_Excerpted data:_
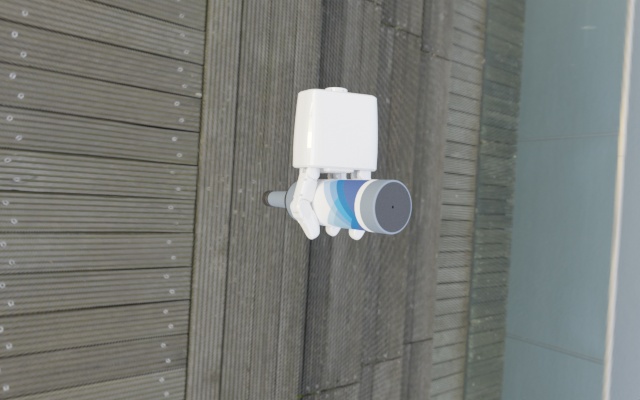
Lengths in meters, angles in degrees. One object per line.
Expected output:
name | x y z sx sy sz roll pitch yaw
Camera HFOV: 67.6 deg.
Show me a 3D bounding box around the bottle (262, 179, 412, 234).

_Task requirements:_ Give back exactly the lines running from the line that has "name | x y z sx sy sz roll pitch yaw" to the end of the entries above.

_Response:_
name | x y z sx sy sz roll pitch yaw
Camera HFOV: 67.6 deg.
Show me a 3D bounding box around the bottle (262, 179, 412, 234).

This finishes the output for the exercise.